━━━━━ Exercise material ━━━━━

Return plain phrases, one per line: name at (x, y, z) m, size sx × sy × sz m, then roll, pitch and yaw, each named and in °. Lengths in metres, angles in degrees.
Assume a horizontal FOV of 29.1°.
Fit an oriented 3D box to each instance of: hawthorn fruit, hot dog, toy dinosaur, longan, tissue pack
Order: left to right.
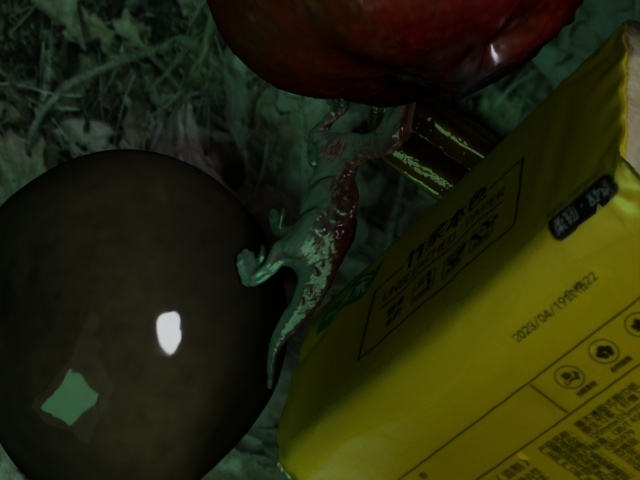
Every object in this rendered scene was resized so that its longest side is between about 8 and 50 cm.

━━━━━

▶ _Instructions for the task_
Return every line above that contains the word "each".

▶ _Task output_
Return plain phrases, one per line: name at (x, y, z) m, size sx × sy × sz m, then roll, pitch and yaw, each named and in °. Lengths in metres, angles in degrees.
Fit an oriented 3D box to each instance of: hawthorn fruit, hot dog, toy dinosaur, longan, tissue pack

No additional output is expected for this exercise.